Рин рыкнула. Последствия? Да какого…
— Да? Правда? Каким же образом? Жениться на мне?
— Да.
— Замечательный способ очистить свою совесть! Только ты не учел, каково будет мне!
— Что с тобой не так?
— А ты включи свои умные мозги и проведи сравнительный анализ своего статуса и моего, сразу поймешь, что не так!
— Рин! Все, чего я от тебя жду — это слово «да». Ты не из дворян, поэтому не понимаешь, что стоит мне щелкнуть пальцами — никто слова сказать не посмеет о твоем происхождении!
Рин смерила его взглядом, встала и стала одеваться. Схватив Соколиную песню, она направилась к выходу. Анхельм попытался схватить ее за руку, но она не далась.
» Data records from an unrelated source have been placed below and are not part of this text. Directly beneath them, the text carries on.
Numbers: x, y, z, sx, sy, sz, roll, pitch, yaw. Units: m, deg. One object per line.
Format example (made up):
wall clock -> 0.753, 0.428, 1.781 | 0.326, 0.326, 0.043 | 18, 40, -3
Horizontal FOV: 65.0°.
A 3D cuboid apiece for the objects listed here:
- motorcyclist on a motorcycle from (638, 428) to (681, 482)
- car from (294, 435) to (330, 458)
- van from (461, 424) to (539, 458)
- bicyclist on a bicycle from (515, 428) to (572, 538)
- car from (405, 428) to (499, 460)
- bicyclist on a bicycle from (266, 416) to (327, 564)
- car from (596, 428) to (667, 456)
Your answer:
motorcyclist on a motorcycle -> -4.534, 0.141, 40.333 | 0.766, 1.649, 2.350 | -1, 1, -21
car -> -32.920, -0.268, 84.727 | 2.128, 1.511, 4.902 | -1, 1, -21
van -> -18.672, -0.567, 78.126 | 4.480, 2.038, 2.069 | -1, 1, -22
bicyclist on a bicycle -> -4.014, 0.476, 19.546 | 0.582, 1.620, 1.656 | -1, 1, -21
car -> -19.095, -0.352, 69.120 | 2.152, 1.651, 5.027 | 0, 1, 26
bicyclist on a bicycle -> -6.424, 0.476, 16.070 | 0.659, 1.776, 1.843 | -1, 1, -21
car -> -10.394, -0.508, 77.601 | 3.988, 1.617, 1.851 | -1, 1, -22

— Куда ты собралась? Мы не договорили!
— У меня пропало желание говорить. Я пойду, подышу воздухом и подумаю о своем происхождении. В сотый раз.
До Анхельма дошло.
— О боги… Рин, я совсем не то хотел сказать… Я хотел сказать, что для меня не имеет значения, кто ты.
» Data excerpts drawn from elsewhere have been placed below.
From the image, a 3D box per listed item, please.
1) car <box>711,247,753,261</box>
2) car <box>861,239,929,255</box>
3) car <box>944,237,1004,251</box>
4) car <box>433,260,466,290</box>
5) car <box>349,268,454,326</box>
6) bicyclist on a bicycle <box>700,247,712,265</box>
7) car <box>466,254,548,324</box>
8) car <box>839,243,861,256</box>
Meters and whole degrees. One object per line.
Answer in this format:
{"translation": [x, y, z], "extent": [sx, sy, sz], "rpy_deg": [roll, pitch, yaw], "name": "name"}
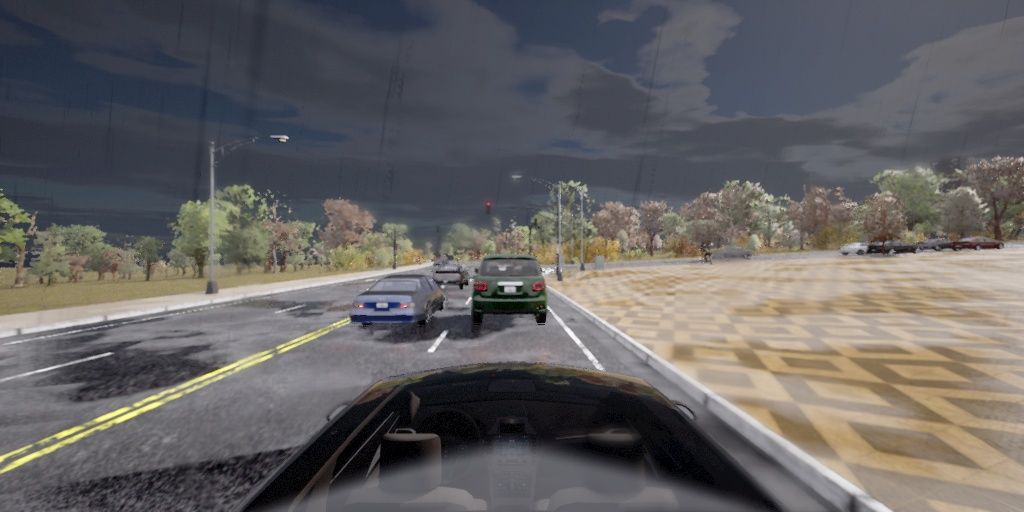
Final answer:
{"translation": [26.456, -0.252, 43.457], "extent": [4.902, 1.511, 2.128], "rpy_deg": [-3, 0, -4], "name": "car"}
{"translation": [40.589, -0.889, 38.083], "extent": [5.008, 1.535, 1.882], "rpy_deg": [-3, 0, -6], "name": "car"}
{"translation": [50.958, -1.348, 39.314], "extent": [5.008, 1.535, 1.882], "rpy_deg": [-3, 0, -8], "name": "car"}
{"translation": [-3.737, 1.240, 22.443], "extent": [2.128, 1.511, 4.902], "rpy_deg": [0, 0, -1], "name": "car"}
{"translation": [-3.345, 1.293, 11.569], "extent": [2.033, 1.411, 5.357], "rpy_deg": [0, 0, -1], "name": "car"}
{"translation": [17.238, -0.021, 31.904], "extent": [0.582, 1.620, 1.656], "rpy_deg": [-2, 0, -3], "name": "bicyclist on a bicycle"}
{"translation": [-0.110, 0.968, 12.062], "extent": [2.150, 2.045, 5.566], "rpy_deg": [0, 0, -1], "name": "car"}
{"translation": [40.366, -0.838, 41.327], "extent": [4.674, 1.442, 1.812], "rpy_deg": [-2, 0, -6], "name": "car"}
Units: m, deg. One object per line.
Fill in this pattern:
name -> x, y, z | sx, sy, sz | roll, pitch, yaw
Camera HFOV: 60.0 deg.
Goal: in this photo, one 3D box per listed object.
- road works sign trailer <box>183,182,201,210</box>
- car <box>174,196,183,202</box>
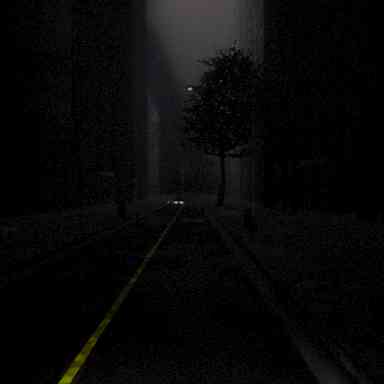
road works sign trailer -> 0.000, 0.464, 42.680 | 2.380, 3.560, 2.880 | 0, 0, 0
car -> -3.000, 1.509, 76.729 | 1.994, 1.385, 4.181 | 0, 0, 0
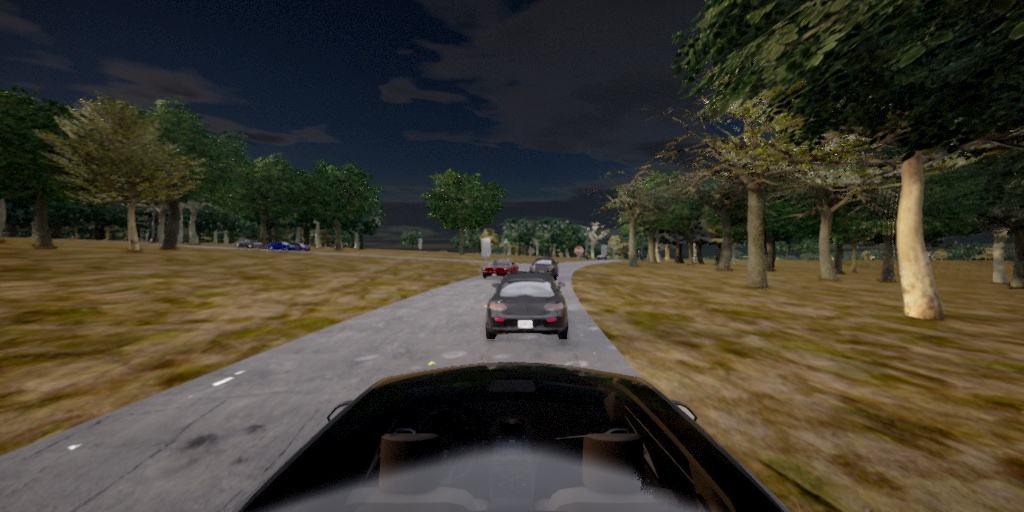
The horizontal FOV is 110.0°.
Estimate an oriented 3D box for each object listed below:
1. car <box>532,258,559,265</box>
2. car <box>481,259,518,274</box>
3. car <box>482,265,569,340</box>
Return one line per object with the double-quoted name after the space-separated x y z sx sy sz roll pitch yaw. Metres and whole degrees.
2.331 0.829 25.525 1.812 1.442 4.674 0 1 10 "car"
-0.795 0.902 25.984 1.895 1.301 4.718 0 1 10 "car"
0.412 1.126 9.295 1.812 1.442 4.674 -1 1 4 "car"
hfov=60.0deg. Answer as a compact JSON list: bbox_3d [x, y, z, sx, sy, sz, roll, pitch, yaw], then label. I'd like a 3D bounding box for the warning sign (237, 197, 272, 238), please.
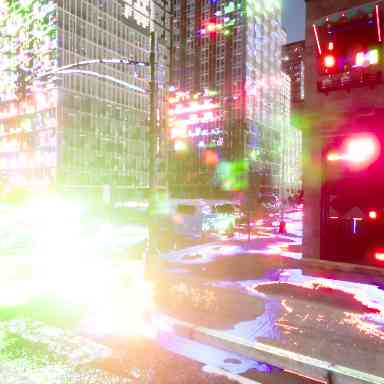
[{"bbox_3d":[3.048,1.177,16.147,1.300,1.860,1.060,1,1,35],"label":"warning sign"}]

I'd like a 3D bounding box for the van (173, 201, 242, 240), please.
[{"bbox_3d":[0.763,1.368,17.034,1.690,1.788,3.998,1,1,35],"label":"van"}]

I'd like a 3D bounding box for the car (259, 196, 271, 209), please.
[{"bbox_3d":[6.278,1.433,34.874,1.812,1.442,4.674,1,1,35],"label":"car"}]

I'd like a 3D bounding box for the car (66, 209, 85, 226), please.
[{"bbox_3d":[-6.084,1.467,21.871,1.947,1.339,4.313,1,1,35],"label":"car"}]

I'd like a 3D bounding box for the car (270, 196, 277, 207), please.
[{"bbox_3d":[9.875,1.293,44.465,1.967,1.590,4.097,1,1,35],"label":"car"}]

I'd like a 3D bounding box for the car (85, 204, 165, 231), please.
[{"bbox_3d":[-3.868,1.540,20.522,1.895,1.301,4.718,1,1,35],"label":"car"}]

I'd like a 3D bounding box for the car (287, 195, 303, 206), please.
[{"bbox_3d":[16.040,1.168,48.526,1.882,1.535,5.008,1,1,35],"label":"car"}]

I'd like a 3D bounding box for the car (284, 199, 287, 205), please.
[{"bbox_3d":[16.160,1.364,53.365,1.752,1.417,4.829,1,1,35],"label":"car"}]
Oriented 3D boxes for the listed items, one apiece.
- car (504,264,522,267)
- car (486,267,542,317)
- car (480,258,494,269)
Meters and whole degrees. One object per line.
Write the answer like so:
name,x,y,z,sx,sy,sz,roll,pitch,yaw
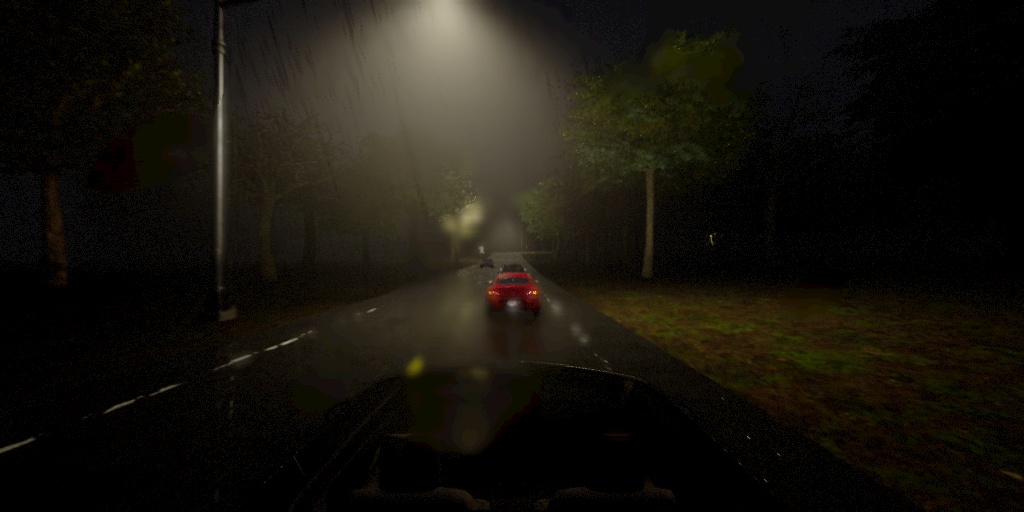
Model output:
car,0.068,1.333,27.696,1.837,1.490,4.892,0,0,0
car,0.074,1.315,13.278,1.812,1.442,4.674,0,0,1
car,-3.575,1.081,51.988,1.812,1.442,4.674,0,1,0

— Еще лучше получилось! Я выйду, пока мы не наговорили друг другу еще больше гадостей.
Анхельм вскочил и загородил ей проход.
— Отойди, — процедила она.
Анхельм схватил ее за руку.
— Рин, я прошу прощения за свои слова. Я вовсе не хотел тебя обидеть.
— Отпусти, — опасным голосом сказала она. — И никогда не хватай меня за руки. Никогда. В следующий раз сломаю тебе что-нибудь.
— Я же попросил прощения!
— Считай, что я тебя простила. Отпусти руку и немедленно отойди.
— Останься. Пожалуйста, — он отпустил ее руку и попытался обнять. Рин отпихнула его, дрожа от негодования.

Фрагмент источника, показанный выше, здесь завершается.